**Saved data entries:**
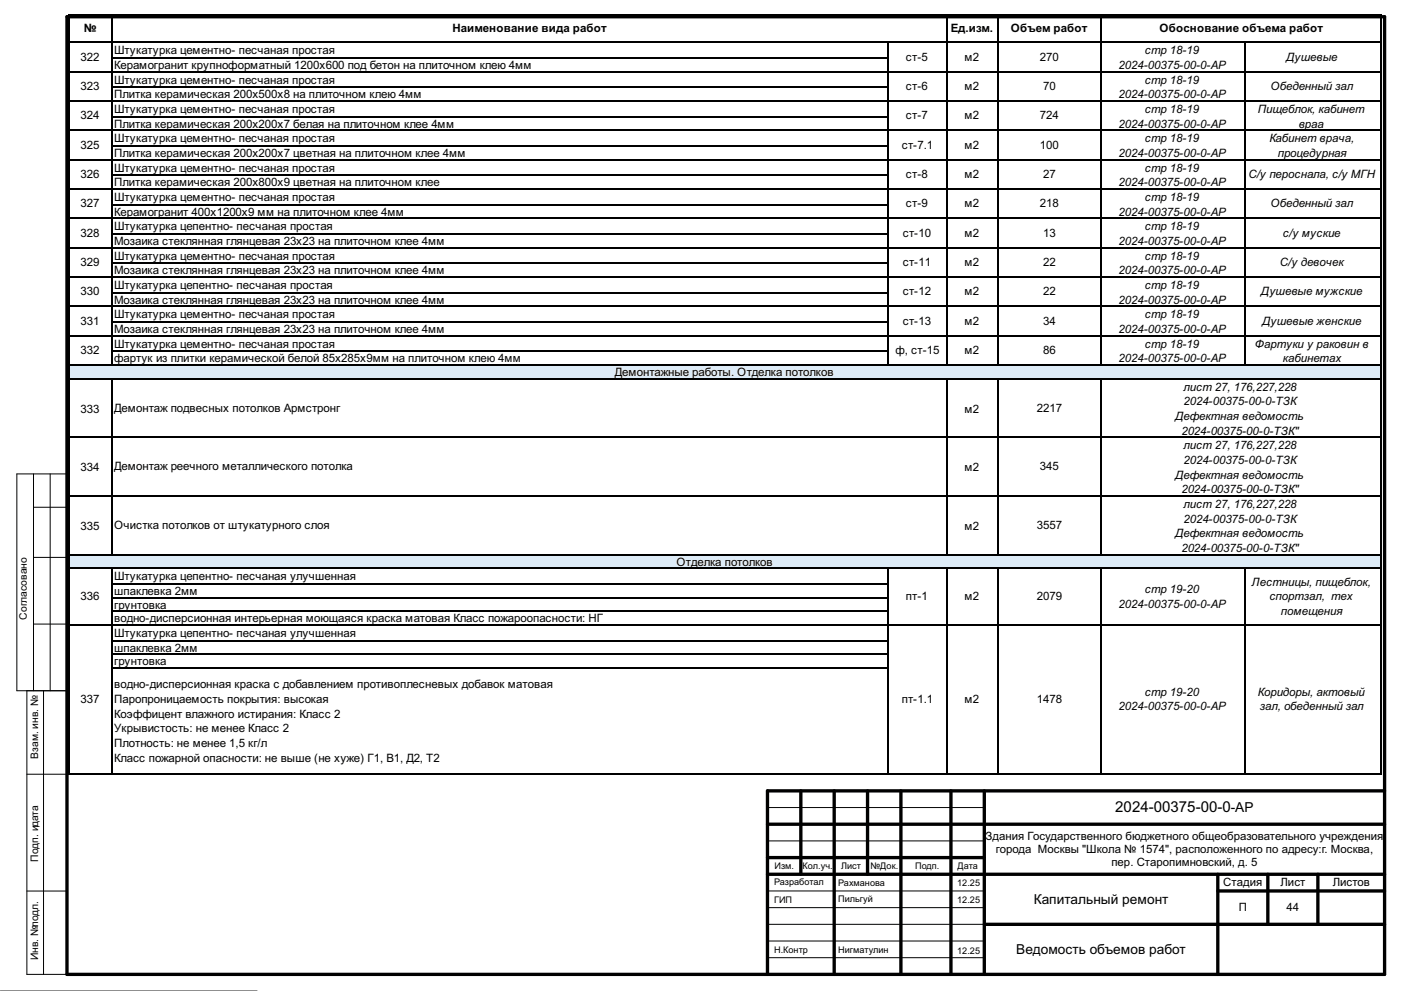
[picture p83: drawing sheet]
<svg xmlns="http://www.w3.org/2000/svg" width="420mm" height="297mm" viewBox="0 0 420 297" stroke-linecap="round" stroke-linejoin="round" font-family="sans-serif">
<defs><g id="words">
<text font-size="4.5" x="334.3" y="243.5">2024-00375-00-0-АР</text>
<g font-size="4.1">
<text x="309.9" y="270.8">Капитальный ремонт</text>
<text x="304.7" y="285.8">Ведомость объемов работ</text>
</g>
<g font-size="3.5">
<text x="25.1" y="9.7">№</text>
<text x="135.6" y="9.7">Наименование вида работ</text>
<text x="285.1" y="9.7">Ед.изм.</text>
<text x="303" y="9.7">Объем работ</text>
<text x="347.6" y="9.7">Обоснование объема работ</text>
<text x="34.2" y="16.3">Штукатурка цементно- песчаная простая</text>
<text x="343.2" y="16.3">стр 18-19</text>
<text x="24.2" y="18.2">322</text>
<text x="34.2" y="20.7">Керамогранит крупноформатный 1200х600 под бетон на плиточном клею 4мм</text>
<text x="271.6" y="18.2">ст-5</text>
<text x="289.2" y="18.2">м2</text>
<text x="311.8" y="18.2">270</text>
<text x="335.3" y="20.7">2024-00375-00-0-АР</text>
<text x="385.6" y="18.2">Душевые</text>
<text x="24.2" y="27">323</text>
<text x="34.2" y="29.5">Плитка керамическая 200х500х8 на плиточном клею 4мм</text>
<text x="34.2" y="25.1">Штукатурка цементно- песчаная простая</text>
<text x="271.6" y="27">ст-6</text>
<text x="289.2" y="27">м2</text>
<text x="312.7" y="27">70</text>
<text x="335.3" y="29.5">2024-00375-00-0-АР</text>
<text x="343.2" y="25.1">стр 18-19</text>
<text x="380.8" y="27">Обеденный зал</text>
<text x="24.2" y="35.8">324</text>
<text x="34.2" y="33.9">Штукатурка цементно- песчаная простая</text>
<text x="271.6" y="35.8">ст-7</text>
<text x="289.2" y="35.8">м2</text>
<text x="311.8" y="35.8">724</text>
<text x="343.2" y="33.9">стр 18-19</text>
<text x="377.1" y="33.9">Пищеблок, кабинет</text>
<text x="34.2" y="38.3">Плитка керамическая 200х200х7 белая на плиточном клее 4мм</text>
<text x="335.3" y="38.3">2024-00375-00-0-АР</text>
<text x="389.3" y="38.3">враа</text>
<text x="24.2" y="44.6">325</text>
<text x="34.2" y="47.1">Плитка керамическая 200х200х7 цветная на плиточном клее 4мм</text>
<text x="34.2" y="42.7">Штукатурка цементно- песчаная простая</text>
<text x="270.3" y="44.6">ст-7.1</text>
<text x="289.2" y="44.6">м2</text>
<text x="311.8" y="44.6">100</text>
<text x="335.3" y="47.1">2024-00375-00-0-АР</text>
<text x="343.2" y="42.7">стр 18-19</text>
<text x="380.5" y="42.7">Кабинет врача,</text>
<text x="383" y="47.1">процедурная</text>
<text x="24.2" y="53.4">326</text>
<text x="34.2" y="51.5">Штукатурка цементно- песчаная простая</text>
<text x="271.6" y="53.4">ст-8</text>
<text x="289.2" y="53.4">м2</text>
<text x="312.7" y="53.4">27</text>
<text x="343.2" y="51.5">стр 18-19</text>
<text x="374.3" y="53.4">С/у пероснала, с/у МГН</text>
<text x="34.2" y="55.9">Плитка керамическая 200х800х9 цветная на плиточном клее</text>
<text x="335.3" y="55.9">2024-00375-00-0-АР</text>
<text x="24.2" y="62.2">327</text>
<text x="34.2" y="64.7">Керамогранит 400х1200х9 мм на плиточном клее 4мм</text>
<text x="34.2" y="60.3">Штукатурка цементно- песчаная простая</text>
<text x="271.6" y="62.2">ст-9</text>
<text x="289.2" y="62.2">м2</text>
<text x="311.8" y="62.2">218</text>
<text x="335.3" y="64.7">2024-00375-00-0-АР</text>
<text x="343.2" y="60.3">стр 18-19</text>
<text x="380.8" y="62.2">Обеденный зал</text>
<text x="24.2" y="71">328</text>
<text x="34.2" y="69.1">Штукатурка цепентно- песчаная простая</text>
<text x="270.6" y="71">ст-10</text>
<text x="289.2" y="71">м2</text>
<text x="312.7" y="71">13</text>
<text x="343.2" y="69.1">стр 18-19</text>
<text x="384.6" y="71">с/у муские</text>
<text x="34.2" y="73.5">Мозаика стеклянная глянцевая 23х23 на плиточном клее 4мм</text>
<text x="34.2" y="77.9">Штукатурка цементно- песчаная простая</text>
<text x="335.3" y="73.5">2024-00375-00-0-АР</text>
<text x="343.2" y="77.9">стр 18-19</text>
<text x="24.2" y="79.7">329</text>
<text x="34.2" y="82.3">Мозаика стеклянная глянцевая 23х23 на плиточном клее 4мм</text>
<text x="270.6" y="79.7">ст-11</text>
<text x="289.2" y="79.7">м2</text>
<text x="312.7" y="79.7">22</text>
<text x="335.3" y="82.3">2024-00375-00-0-АР</text>
<text x="383.7" y="79.7">С/у девочек</text>
<text x="24.2" y="88.5">330</text>
<text x="34.2" y="86.7">Штукатурка цепентно- песчаная простая</text>
<text x="270.6" y="88.5">ст-12</text>
<text x="289.2" y="88.5">м2</text>
<text x="312.7" y="88.5">22</text>
<text x="343.2" y="86.7">стр 18-19</text>
<text x="378" y="88.5">Душевые мужские</text>
<text x="34.2" y="91.1">Мозаика стеклянная глянцевая 23х23 на плиточном клее 4мм</text>
<text x="34.2" y="95.4">Штукатурка цементно- песчаная простая</text>
<text x="335.3" y="91.1">2024-00375-00-0-АР</text>
<text x="343.2" y="95.4">стр 18-19</text>
<text x="24.2" y="97.3">331</text>
<text x="34.2" y="99.8">Мозаика стеклянная глянцевая 23х23 на плиточном клее 4мм</text>
<text x="270.6" y="97.3">ст-13</text>
<text x="289.2" y="97.3">м2</text>
<text x="312.7" y="97.3">34</text>
<text x="335.3" y="99.8">2024-00375-00-0-АР</text>
<text x="378.3" y="97.3">Душевые женские</text>
<text x="24.2" y="106.1">332</text>
<text x="34.2" y="104.2">Штукатурка цементно- песчаная простая</text>
<text x="268.4" y="106.1">ф, ст-15</text>
<text x="289.2" y="106.1">м2</text>
<text x="312.7" y="106.1">86</text>
<text x="343.2" y="104.2">стр 18-19</text>
<text x="376.1" y="104.2">Фартуки у раковин в</text>
<text x="34.2" y="108.6">фартук из плитки керамической белой 85х285х9мм на плиточном клею 4мм</text>
<text x="184.3" y="112.7">Демонтажные работы. Отделка потолков</text>
<text x="335.3" y="108.6">2024-00375-00-0-АР</text>
<text x="384.6" y="108.6">кабинетах</text>
<text x="354.8" y="117.1">лист 27, 176,227,228</text>
<text x="24.2" y="123.7">333</text>
<text x="34.2" y="123.4">Демонтаж подвесных потолков Армстронг</text>
<text x="289.2" y="123.7">м2</text>
<text x="310.8" y="123.4">2217</text>
<text x="352.3" y="125.9">Дефектная ведомость</text>
<text x="354.8" y="121.5">2024-00375-00-0-ТЗК</text>
<text x="354.2" y="130.3">2024-00375-00-0-ТЗК&quot;</text>
<text x="354.8" y="134.7">лист 27, 176,227,228</text>
<text x="24.2" y="141.3">334</text>
<text x="34.2" y="141">Демонтаж реечного металлического потолка</text>
<text x="289.2" y="141.3">м2</text>
<text x="311.8" y="141">345</text>
<text x="352.3" y="143.5">Дефектная ведомость</text>
<text x="354.8" y="139.1">2024-00375-00-0-ТЗК</text>
<text x="354.2" y="147.9">2024-00375-00-0-ТЗК&quot;</text>
<text x="354.8" y="152.3">лист 27, 176,227,228</text>
<text x="24.2" y="158.9">335</text>
<text x="34.2" y="158.6">Очистка потолков от штукатурного слоя</text>
<text x="289.2" y="158.9">м2</text>
<text x="310.8" y="158.6">3557</text>
<text x="352.3" y="161.1">Дефектная ведомость</text>
<text x="354.8" y="156.7">2024-00375-00-0-ТЗК</text>
<text x="354.2" y="165.5">2024-00375-00-0-ТЗК&quot;</text>
<text x="34.2" y="173.9">Штукатурка цепентно- песчаная улучшенная</text>
<text x="202.8" y="169.5">Отделка потолков</text>
<text x="24.2" y="179.9">336</text>
<text x="34.2" y="178.3">шпаклевка 2мм</text>
<text x="271.6" y="179.9">пт-1</text>
<text x="289.2" y="179.9">м2</text>
<text x="310.8" y="179.9">2079</text>
<text x="343.2" y="177.7">стр 19-20</text>
<text x="375.2" y="175.5">Лестницы, пищеблок,</text>
<text x="380.5" y="179.9">спортзал, тех</text>
<text x="34.2" y="182.4">грунтовка</text>
<text x="335.3" y="182.1">2024-00375-00-0-АР</text>
<text x="384" y="184.3">помещения</text>
<text x="34.2" y="186.5">водно-дисперсионная интерьерная моющаяся краска матовая Класс пожароопасности: НГ</text>
<text x="34.2" y="190.9">Штукатурка цепентно- песчаная улучшенная</text>
<text x="34.2" y="195.3">шпаклевка 2мм</text>
<text x="34.2" y="199.4">грунтовка</text>
<text x="34.2" y="206.3">водно-дисперсионная краска с добавлением противоплесневых добавок матовая</text>
<text x="343.2" y="208.5">стр 19-20</text>
<text x="377.1" y="208.5">Коридоры, актовый</text>
<text x="24.2" y="210.7">337</text>
<text x="34.2" y="210.7">Паропроницаемость покрытия: высокая</text>
<text x="34.2" y="215.1">Коэффицент влажного истирания: Класс 2</text>
<text x="270.3" y="210.7">пт-1.1</text>
<text x="289.2" y="210.7">м2</text>
<text x="310.8" y="210.7">1478</text>
<text x="335.3" y="212.9">2024-00375-00-0-АР</text>
<text x="377.7" y="212.9">зал, обеденный зал</text>
<text x="34.2" y="219.5">Укрывистость: не менее Класс 2</text>
<text x="34.2" y="223.9">Плотность: не менее 1,5 кг/л</text>
<text x="34.2" y="228.3">Класс пожарной опасности: не выше (не хуже) Г1, В1, Д2, Т2</text>
</g>
<g font-size="3.4">
<text x="295.4" y="251.7">Здания Государственного бюджетного общеобразовательного учреждения</text>
<text x="298.5" y="255.6">города Москвы &quot;Школа № 1574&quot;, расположенного по адресу:г. Москва,</text>
<text x="333.2" y="259.6">пер. Старопимновский, д. 5</text>
<text x="366.7" y="265.6">Стадия</text>
<text x="383.9" y="265.6">Лист</text>
<text x="399.5" y="265.6">Листов</text>
<text x="371.4" y="273.1">П</text>
<text x="385.7" y="273.1">44</text>
</g>
<g font-size="3.1">
<text x="8.1" y="185.7" transform="rotate(-90 8.1 185.7)">Согласовано</text>
<text x="11.4" y="227.4" transform="rotate(-90 11.4 227.4)">Взам. инв. №</text>
<text x="11.4" y="258.3" transform="rotate(-90 11.4 258.3)">Подп. идата</text>
<text x="11.4" y="287.8" transform="rotate(-90 11.4 287.8)">Инв. №подл.</text>
</g>
<g font-size="2.7">
<text x="232.2" y="260.4">Изм.</text>
<text x="240.6" y="260.4">Кол.уч.</text>
<text x="252.1" y="260.4">Лист</text>
<text x="261" y="260.4">№Док.</text>
<text x="274.3" y="260.4">Подп.</text>
<text x="287.1" y="260.4">Дата</text>
<text x="232.1" y="265.2">Разработал</text>
<text x="251.3" y="265.5">Рахманова</text>
<text x="287" y="265.6">12.25</text>
<text x="232.1" y="270.5">ГИП</text>
<text x="251.3" y="270.4">Пильгуй</text>
<text x="287" y="270.7">12.25</text>
<text x="232.1" y="285.6">Н.Контр</text>
<text x="251.3" y="285.7">Нигматулин</text>
<text x="287" y="285.9">12.25</text>
</g>
<text font-size="1.4" fill="#fff" x="0" y="297">GSPublisherVersion 0.5.100.100</text>
</g></defs>
<path d="M20.6 4.4v8.5M20.7 4.6h393.4M20.7 12.7h393.4M33.4 4.7v8.2M284 4.7v8.2M299.1 4.7v8.2M330.1 4.7v8.2M414 4.7v8.2" fill="none" stroke="#000" stroke-width=".31"/>
<g fill="#ddebf7">
<path d="M20.7 109.3h393.4v4.4h-393.4z"/>
<path d="M20.7 166.1h393.4v4.4h-393.4z"/>
</g>
<g fill="none" stroke="#000" stroke-width=".31">
<path d="M20.6 12.6v219.4M20.7 12.7h393.4M33.4 12.9v8.4M33.6 17.4h232.3M266.1 12.9v96.7M284 12.9v96.7M299.1 12.9v96.7M330.1 12.9v96.7M373.2 12.9v96.7M414 12.9v219.1M20.7 21.5h393.4M20.7 30.3h393.4"/>
<path d="M20.7 39.1h393.4M33.4 21.7v8.4M33.4 30.5v8.4M33.4 39.2v8.5M33.6 26.2h232.3M33.6 35h232.3M20.7 47.9h393.4M20.7 56.7h393.4M33.4 48v8.5M33.4 56.8v8.5M33.6 43.8h232.3M33.6 52.6h232.3"/>
<path d="M20.7 65.5h393.4M20.7 74.3h393.4M33.4 65.6v8.5M33.4 74.4v8.5M33.6 61.4h232.3M33.6 70.2h232.3M33.6 79h232.3M20.7 83h393.4M20.7 91.8h393.4M33.4 83.2v8.5M33.4 92v8.5M33.6 87.8h232.3"/>
<path d="M33.6 96.5h232.3M20.7 100.6h393.4M20.7 109.4h393.4M20.7 113.5h393.4M33.4 100.8v8.5M33.4 113.7v52.7M33.6 105.3h232.3M284 113.7v52.7M299.1 113.7v52.7M330.1 113.7v52.7M20.7 131.1h393.4M20.7 148.7h393.4"/>
<path d="M20.7 166.2h393.4M20.7 170.3h393.4M33.4 170.5v61.5M33.6 175h232.6M33.6 179.1h232.6M266.1 170.5v61.5M284 170.5v61.5M299.1 170.5v61.5M330.1 170.5v61.5M373.2 170.5v61.5M20.7 187.3h393.4M33.6 183.2h232.6"/>
<path d="M33.6 192h232.6M33.6 196.1h232.6M33.6 200.2h232.6M20.7 231.9h393.4"/>
</g>
<g fill="none" stroke="#000" stroke-width=".3">
<path d="M10 142v65M10 152h10.1M15 142v65M10 167.1h10.1M10 187h10.1M8.1 207v85h14.1M13.1 207v85M20.1 207h-15v-65h15v150M8.1 232h12M230.1 242h65M230.1 252h65M8.1 267h12"/>
<path d="M230.1 267h65M230.1 277h65M230.1 272h65M.1 297h77M230.1 287h65M230.1 282h65"/>
</g>
<g fill="none" stroke="#000" stroke-width="1">
<path d="M20.1 5h395v287h-395zM240.1 237v25M250.1 237v55M260.1 237v25M270.1 237v55M285.1 237v55M295.1 237v55M415.1 237h-185v55M230.1 247h185M230.1 257h65M230.1 262h185M295.1 277h120"/>
<path d="M365.1 262v30M365.1 267h50M380.1 262v15M395.1 262v15"/>
</g>
<use href="#words"/>
</svg>

**Task details:** Filter the entries down to the lines that include the string "цепентно".

**Answer section:**
<text x="34.2" y="69.1">Штукатурка цепентно- песчаная простая</text>
<text x="34.2" y="86.7">Штукатурка цепентно- песчаная простая</text>
<text x="34.2" y="173.9">Штукатурка цепентно- песчаная улучшенная</text>
<text x="34.2" y="190.9">Штукатурка цепентно- песчаная улучшенная</text>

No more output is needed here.